== What the task asks ==
Copy the data exactly from the line that contains "Your answer should be very brief. No." through the line that contains "Your answer should be compact.", keeping both end lines and leaving out everything else.
*** Block opens ***
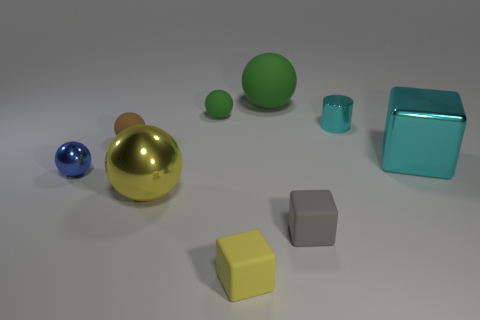How many things are either tiny things left of the yellow rubber thing or cyan shiny blocks?
Offer a very short reply. 4. There is a tiny metal object that is on the right side of the large ball that is behind the large yellow metal sphere; what is its shape?
Your answer should be very brief. Cylinder. Are there any blue balls of the same size as the blue thing?
Keep it short and to the point. No. Is the number of big yellow blocks greater than the number of small brown matte objects?
Your answer should be very brief. No. There is a cyan metallic thing left of the large cyan object; does it have the same size as the ball that is in front of the small blue metal sphere?
Your answer should be compact. No. What number of balls are both right of the small brown matte object and in front of the tiny green matte sphere?
Your answer should be very brief. 1. There is a big rubber object that is the same shape as the large yellow metal thing; what is its color?
Provide a short and direct response. Green. Are there fewer big yellow metal balls than large spheres?
Provide a succinct answer. Yes. There is a cyan cube; is its size the same as the sphere that is in front of the tiny blue shiny thing?
Offer a terse response. Yes. What color is the tiny matte ball that is left of the big object in front of the big cyan cube?
Ensure brevity in your answer.  Brown.
*** Block closes ***
== Solution to this exercise ==
Your answer should be very brief. No. There is a cyan metallic thing left of the large cyan object; does it have the same size as the ball that is in front of the small blue metal sphere?
Your answer should be compact. No. What number of balls are both right of the small brown matte object and in front of the tiny green matte sphere?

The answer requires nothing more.